Numbers from the IRS's 2015 Data Book shows the agency appears to be doing more with less but is it actually?

IRS full-time equivalent staffing has fallen 15 percent since 2010, with the total number of individual tax return examinations dropping 22 percent during the same period.

Related:Read the report

In 2010, the IRS said it had 94,711 average full-time equivalent positions, but by 2015, it was down to 79,890, with strong cutbacks starting in 2012.

Since 2011, the IRS has lost an average of 3,704 positions a year and its operating costs have fallen by $963 million, but in the same span, gross collections have increased by $88.7 trillion.

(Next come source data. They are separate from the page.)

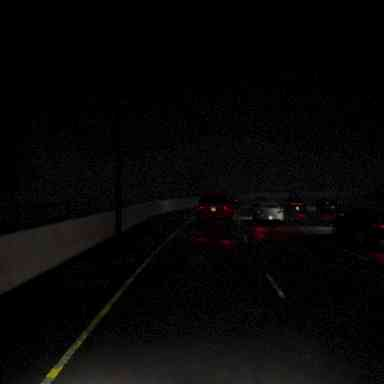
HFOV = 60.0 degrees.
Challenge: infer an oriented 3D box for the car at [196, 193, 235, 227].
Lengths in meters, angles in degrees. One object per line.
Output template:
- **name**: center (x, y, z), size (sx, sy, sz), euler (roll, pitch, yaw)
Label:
- **car**: center (1.555, 1.078, 21.922), size (2.150, 2.045, 5.566), euler (0, 0, 7)

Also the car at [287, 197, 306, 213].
- **car**: center (10.586, 1.290, 34.321), size (1.837, 1.490, 4.892), euler (0, 0, 11)

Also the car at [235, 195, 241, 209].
- **car**: center (4.922, 1.083, 41.327), size (2.097, 1.767, 4.553), euler (0, 0, 12)

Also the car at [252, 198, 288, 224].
- **car**: center (5.243, 1.378, 23.184), size (1.812, 1.442, 4.674), euler (0, 0, 7)

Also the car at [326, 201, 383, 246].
- **car**: center (7.840, 1.389, 14.692), size (1.882, 1.535, 5.008), euler (0, 0, 5)

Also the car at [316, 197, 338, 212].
- **car**: center (14.261, 1.277, 34.882), size (2.128, 1.511, 4.902), euler (0, 0, 11)
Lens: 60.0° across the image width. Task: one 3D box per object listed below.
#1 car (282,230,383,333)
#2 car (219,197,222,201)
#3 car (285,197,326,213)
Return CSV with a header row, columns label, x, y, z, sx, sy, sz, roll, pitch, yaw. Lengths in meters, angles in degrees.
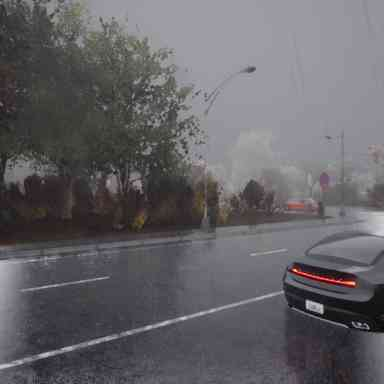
label,x,y,z,sx,sy,sz,roll,pitch,yaw
car,3.838,1.504,6.476,4.892,1.490,1.837,0,0,-35
car,4.499,1.346,69.509,1.994,1.385,4.181,0,1,-33
car,12.510,1.347,36.826,2.097,1.767,4.553,0,0,-32
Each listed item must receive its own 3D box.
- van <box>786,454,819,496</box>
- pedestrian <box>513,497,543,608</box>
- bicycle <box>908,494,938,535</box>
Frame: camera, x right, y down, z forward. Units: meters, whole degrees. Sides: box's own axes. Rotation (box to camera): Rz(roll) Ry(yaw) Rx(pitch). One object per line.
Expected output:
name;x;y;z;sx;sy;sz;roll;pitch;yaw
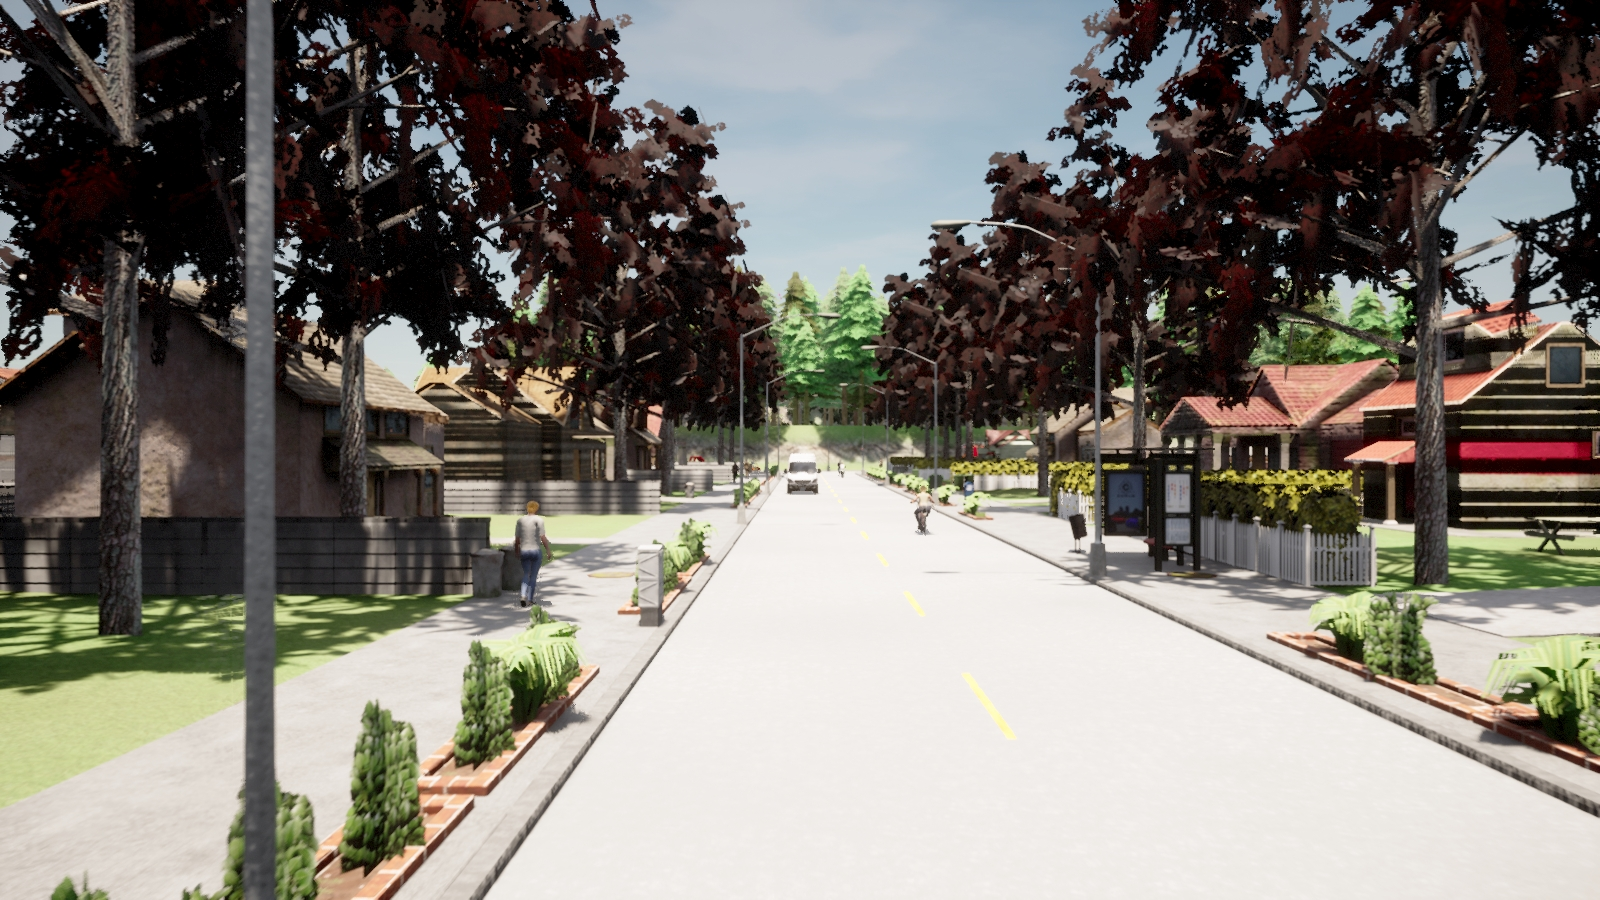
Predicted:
van;0.164;1.522;72.922;1.988;2.561;5.915;0;0;0
pedestrian;-4.653;1.739;19.565;0.375;1.860;0.375;0;0;9
bicycle;4.101;2.151;38.170;0.859;1.276;1.487;0;0;0
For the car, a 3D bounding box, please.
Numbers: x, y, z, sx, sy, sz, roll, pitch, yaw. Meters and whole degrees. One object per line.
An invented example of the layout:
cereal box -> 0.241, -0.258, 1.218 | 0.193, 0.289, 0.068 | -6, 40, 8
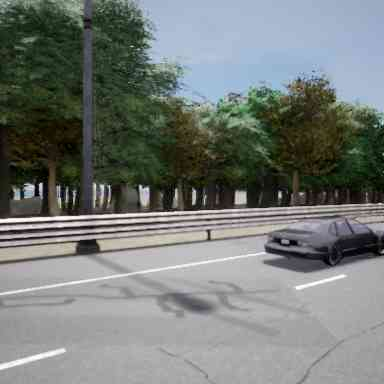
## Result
car -> 4.861, 1.547, 11.505 | 5.357, 1.411, 2.033 | 0, 0, -35
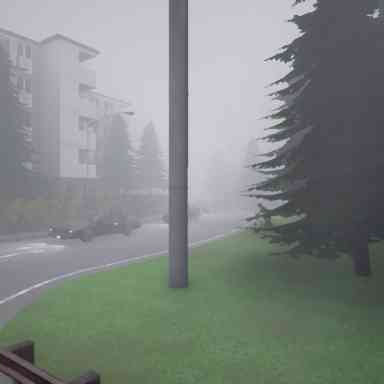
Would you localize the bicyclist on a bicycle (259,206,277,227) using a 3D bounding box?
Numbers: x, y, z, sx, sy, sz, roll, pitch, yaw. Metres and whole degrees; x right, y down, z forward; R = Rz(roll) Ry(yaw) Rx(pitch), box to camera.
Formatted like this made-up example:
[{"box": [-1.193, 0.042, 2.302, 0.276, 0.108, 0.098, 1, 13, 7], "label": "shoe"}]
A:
[{"box": [4.316, 1.498, 20.231, 1.656, 1.620, 0.582, -3, 1, 23], "label": "bicyclist on a bicycle"}]

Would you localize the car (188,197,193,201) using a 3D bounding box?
[{"box": [0.161, 1.666, 57.577, 2.128, 1.511, 4.902, 0, 0, -33], "label": "car"}]

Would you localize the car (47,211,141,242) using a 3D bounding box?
[{"box": [-4.968, 1.723, 17.923, 2.033, 1.411, 5.357, 0, 0, 29], "label": "car"}]

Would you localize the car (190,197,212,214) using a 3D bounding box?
[{"box": [1.001, 1.680, 38.276, 1.837, 1.490, 4.892, 0, 0, 1], "label": "car"}]

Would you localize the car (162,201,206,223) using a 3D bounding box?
[{"box": [-0.722, 1.723, 27.621, 2.033, 1.411, 5.357, 0, 0, 17], "label": "car"}]

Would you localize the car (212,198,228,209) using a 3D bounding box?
[{"box": [3.789, 1.680, 48.087, 1.837, 1.490, 4.892, 0, 0, -13], "label": "car"}]
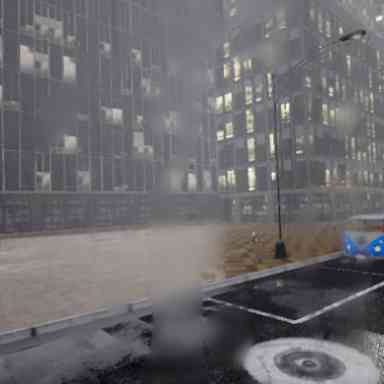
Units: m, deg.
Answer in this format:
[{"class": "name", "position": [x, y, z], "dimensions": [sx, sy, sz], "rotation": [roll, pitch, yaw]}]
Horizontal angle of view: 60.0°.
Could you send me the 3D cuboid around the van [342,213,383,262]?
[{"class": "van", "position": [7.340, 1.717, 12.766], "dimensions": [3.998, 1.788, 1.690], "rotation": [0, -4, -41]}]
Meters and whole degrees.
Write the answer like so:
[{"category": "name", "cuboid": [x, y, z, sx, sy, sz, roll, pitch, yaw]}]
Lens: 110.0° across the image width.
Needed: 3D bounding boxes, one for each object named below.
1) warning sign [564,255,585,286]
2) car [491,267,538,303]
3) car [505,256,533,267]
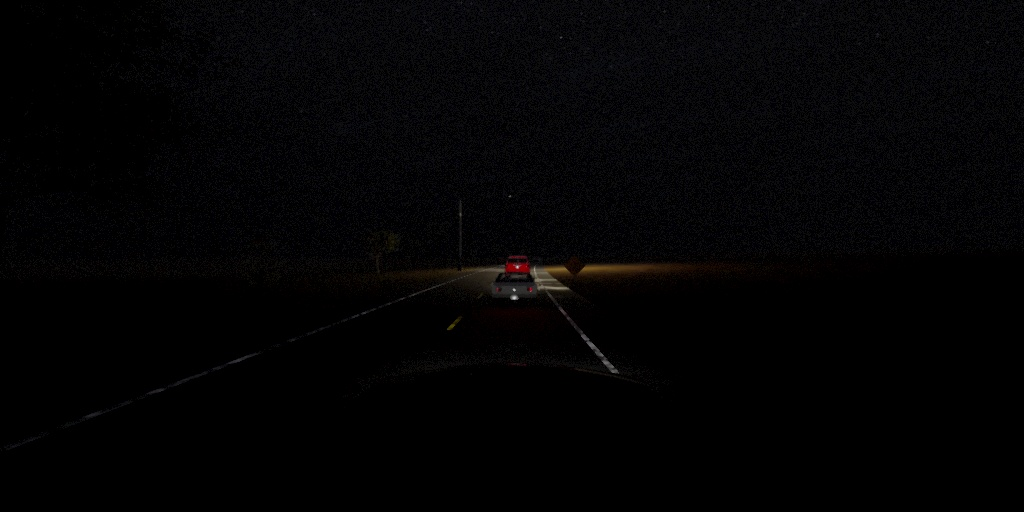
[{"category": "warning sign", "cuboid": [3.795, 0.864, 21.749, 1.300, 1.860, 1.060, 0, 0, 1]}, {"category": "car", "cuboid": [0.134, 1.366, 16.492, 1.895, 1.301, 4.718, 0, 0, 1]}, {"category": "car", "cuboid": [0.536, 1.006, 31.455, 2.150, 2.045, 5.566, 0, 0, 2]}]
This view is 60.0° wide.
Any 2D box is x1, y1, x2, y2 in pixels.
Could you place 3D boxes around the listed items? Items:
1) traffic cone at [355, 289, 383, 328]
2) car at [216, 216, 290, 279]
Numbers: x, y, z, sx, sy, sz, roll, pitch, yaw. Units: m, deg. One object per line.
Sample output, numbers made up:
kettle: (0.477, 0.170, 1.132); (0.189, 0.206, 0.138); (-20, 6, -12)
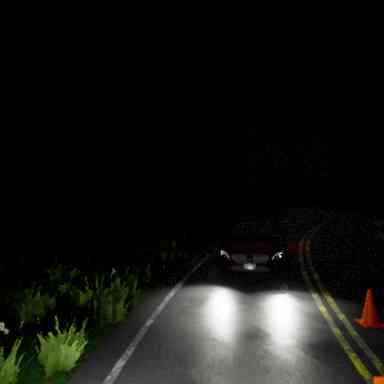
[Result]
traffic cone: (2.994, 1.926, 5.602); (0.340, 0.580, 0.340); (-1, 1, -1)
car: (1.973, 1.509, 10.217); (1.812, 1.442, 4.674); (-1, 0, 15)
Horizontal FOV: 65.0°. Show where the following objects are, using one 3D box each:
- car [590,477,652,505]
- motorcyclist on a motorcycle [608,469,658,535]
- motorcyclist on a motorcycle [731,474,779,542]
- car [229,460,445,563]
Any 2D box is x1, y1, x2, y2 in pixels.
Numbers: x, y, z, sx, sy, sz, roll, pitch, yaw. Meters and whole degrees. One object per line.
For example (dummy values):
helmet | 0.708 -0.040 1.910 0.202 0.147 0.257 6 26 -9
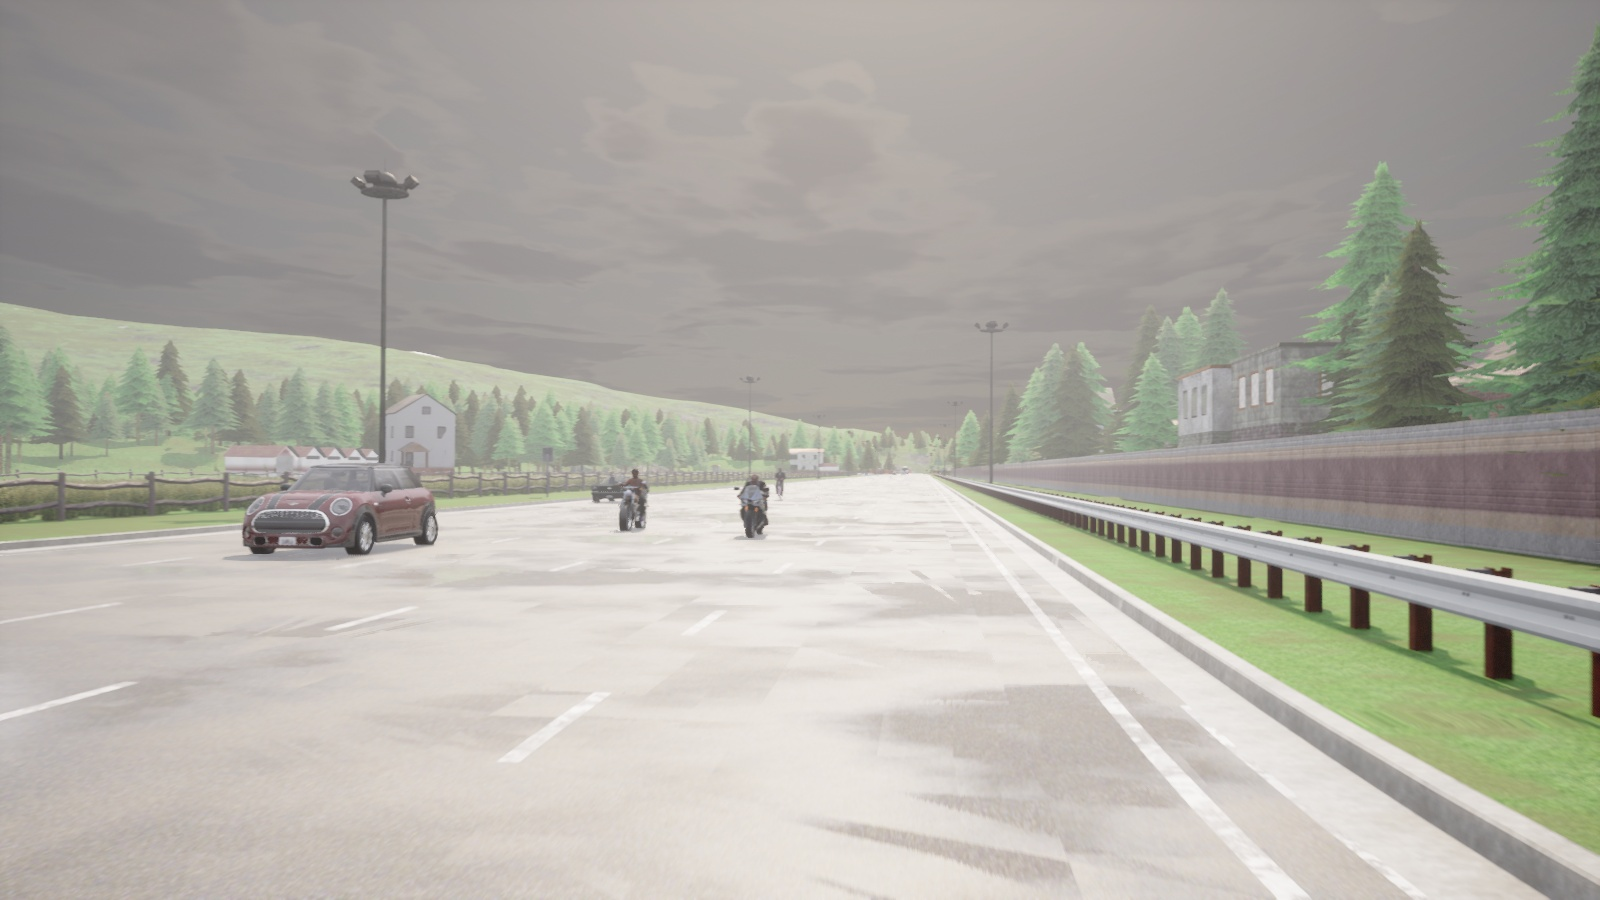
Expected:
car | -8.581 1.951 60.453 1.895 1.301 4.718 0 -1 6
motorcyclist on a motorcycle | -4.300 1.322 32.562 0.766 1.649 2.350 0 -1 6
motorcyclist on a motorcycle | -1.049 1.351 29.868 0.866 1.530 2.191 0 -1 6
car | -8.662 1.103 24.009 2.097 1.767 4.553 0 -1 6
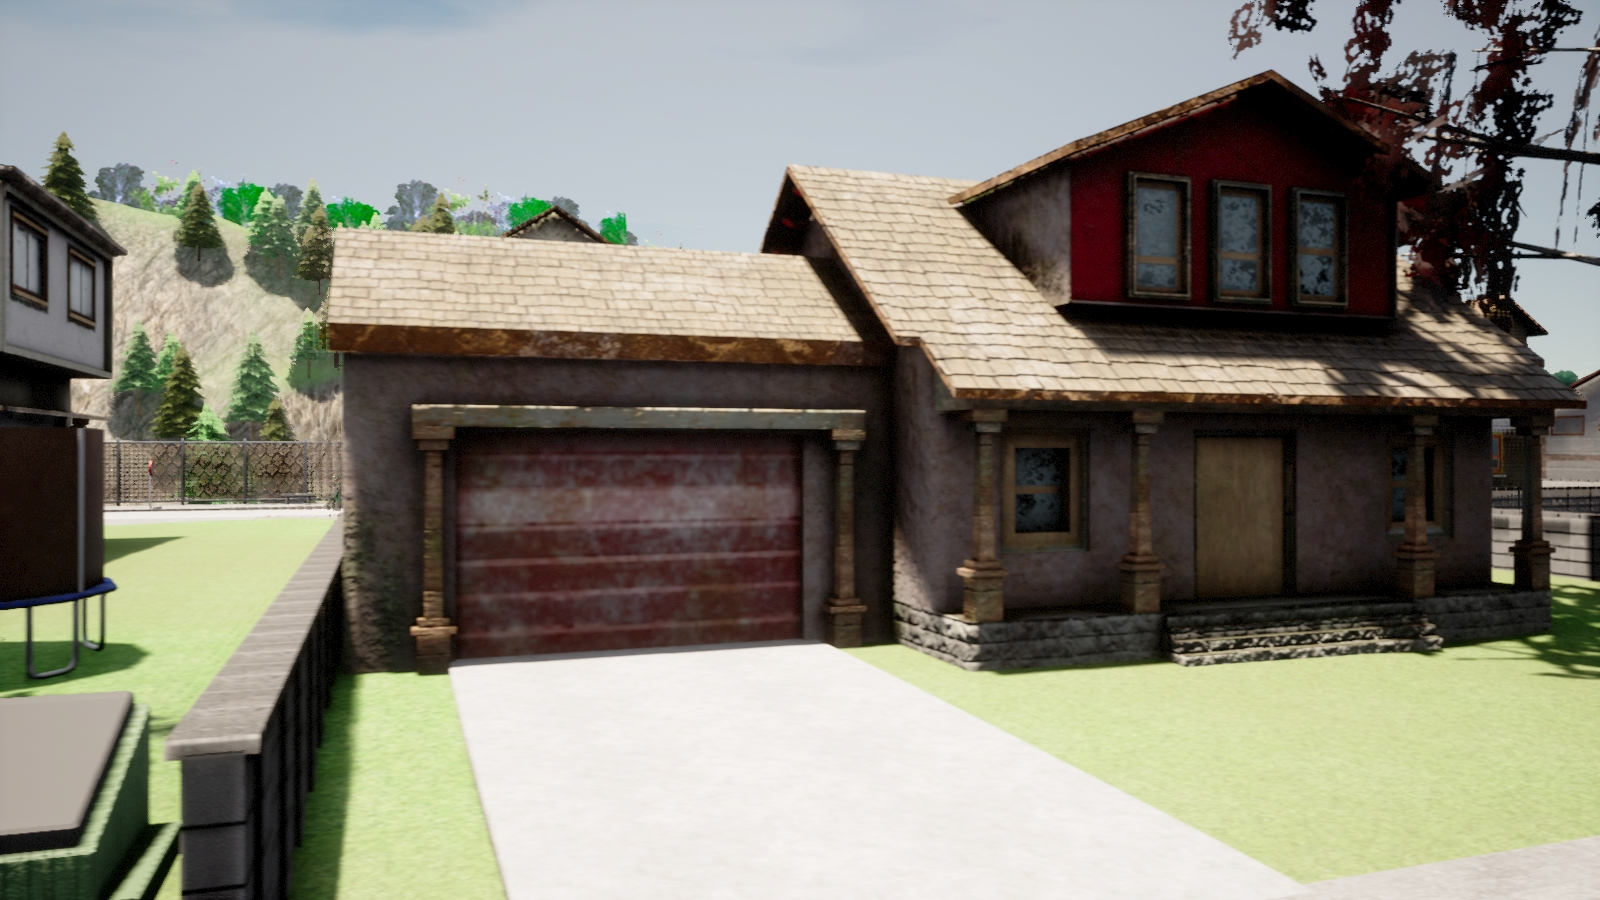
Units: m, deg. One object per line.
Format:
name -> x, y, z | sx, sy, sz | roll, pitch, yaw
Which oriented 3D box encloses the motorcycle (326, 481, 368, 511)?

From fiscal 2014 to fiscal 2015, the agency saw its largest drops in its Examinations and Collections division.

A June report from the Treasury Inspector General for Tax Administration said that continued cuts to the agency had degraded customer service, citing examples of a 25 percent drop in taxpayers calls answered by IRS Automated Collection Service workers.

National Treasury Employees Union president Tony Reardon said, in a statement, that the agency desperately needs more funding to carry out its mission.

"Without an infusion of funding, the health of the IRS will continue to decline," he said. "The ongoing deterioration of the IRS workforce prevents the IRS from offering the level of service taxpayers deserve, from aggressively curbing tax fraud and from effectively enforcing tax laws authored by Congress."

Reardon added that the White House's proposed 2017 budget would provide an extra $1 billion above the current IRS funding levels, which would help bolster services, but that it still needs more resources to handle continued challenges in its mission.

"Our country depends on an efficient and effective tax collection system to fund our national defense, education and all of the other services our citizens expect from their government," he said. "That cannot be accomplished with far fewer employees than there were 20 years ago."